Maximum likelihood estimation was carried out using the Nelder-Meade algorithm implemented in Java 8.0 (Apache Commons Math 3.3). Global optima and convergence were assessed by starting searches from different sets of the initial conditions. Weibull, Gamma, and normal distributional forms were tested for the mixture components, and as there was little difference in the fits (Appendix Section 6), normal distributions were chosen for the analysis. Confidence intervals for means, variances, and weight parameters w j were computed using likelihood profiles48.

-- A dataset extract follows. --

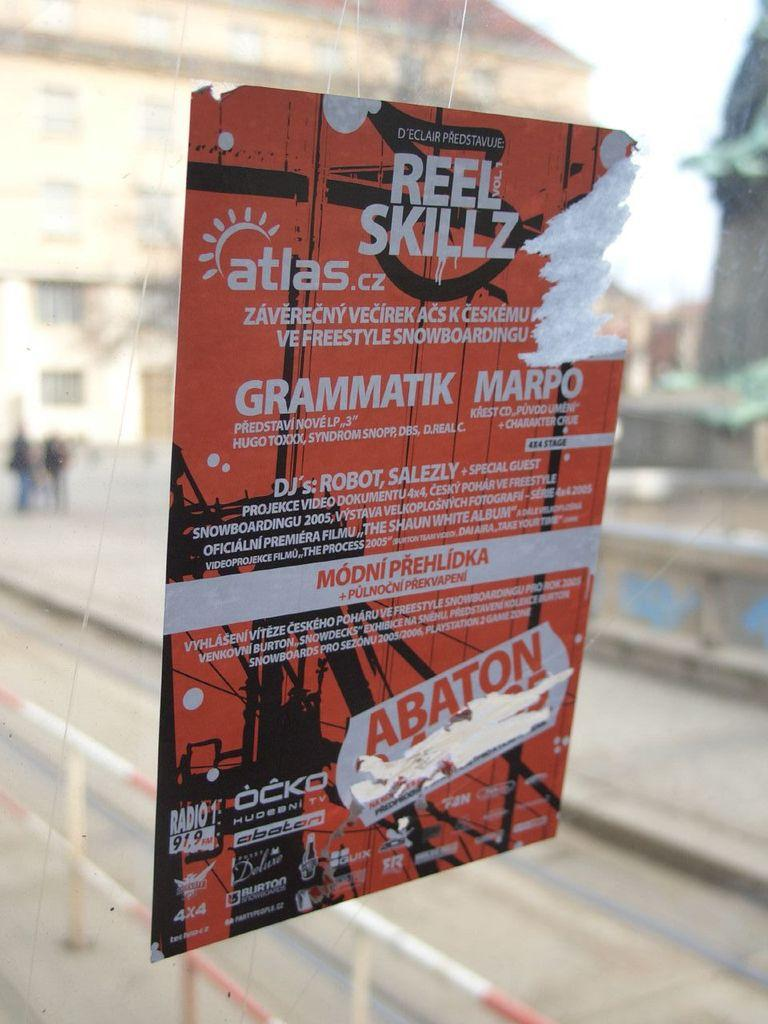<image>
Share a concise interpretation of the image provided. A red and black sticker on glass for Reel Skillz.

For multi-component mixture models, the likelihood ratio test between a specific model and its immediate predecessor (e.g. n components versus n-1 components) is not a valid statistical comparison. Since interchanging the components’ identity gives the same mixture likelihood48, the regularity conditions do not hold for the likelihood ratio test to have its usual χ2 distribution. Thus, the most appropriate number of mixture components was chosen by (1) Bayesian Information Criterion to take into account the number of samples, and (2) a qualitative inspection of the means and variances of the components to ensure that (a) multiple means did not overlap and (b) variances and weights were not too small, which would make them not epidemiologically meaningful.

Data on influenza vaccine imports in Vietnam were obtained from Vietnam’s Customs and Imports Department via IMS Health Vietnam. Annual influenza vaccine imports for 2014–2016 are sufficient to cover approximately 0.8% of the Vietnamese population. As wealth and access to medicines are growing in Vietnam, the coverage level for 2009 to 2013 was likely to be lower than 0.8%.

Data Availability Statement

Data are available from the authors upon request.